* _Records to use_
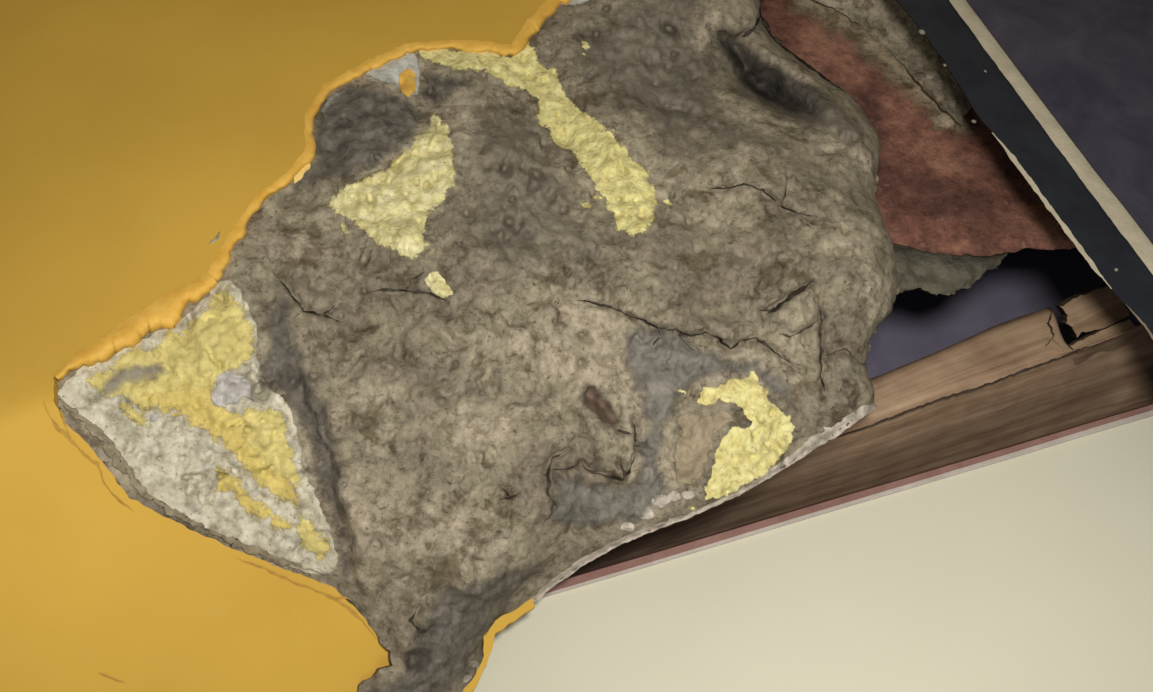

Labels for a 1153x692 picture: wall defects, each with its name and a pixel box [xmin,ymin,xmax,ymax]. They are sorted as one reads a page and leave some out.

flaking render [814,0,976,126]
crack [704,183,818,217]
crack [280,280,341,323]
crack [371,271,445,301]
flaking render [54,0,899,692]
crack [562,281,867,391]
spalling [865,132,1112,379]
spalling [1120,306,1153,339]
crack [539,417,645,526]

* _Aim of the exercise_
Each record must be returned exactly as it stands, and the images omitted.

* _Response area_
Labels for a 1153x692 picture: wall defects, each with its name and a pixel box [xmin,ymin,xmax,ymax]. They are sorted as one reads a page and leave some out.

flaking render [814,0,976,126]
crack [704,183,818,217]
crack [280,280,341,323]
crack [371,271,445,301]
flaking render [54,0,899,692]
crack [562,281,867,391]
spalling [865,132,1112,379]
spalling [1120,306,1153,339]
crack [539,417,645,526]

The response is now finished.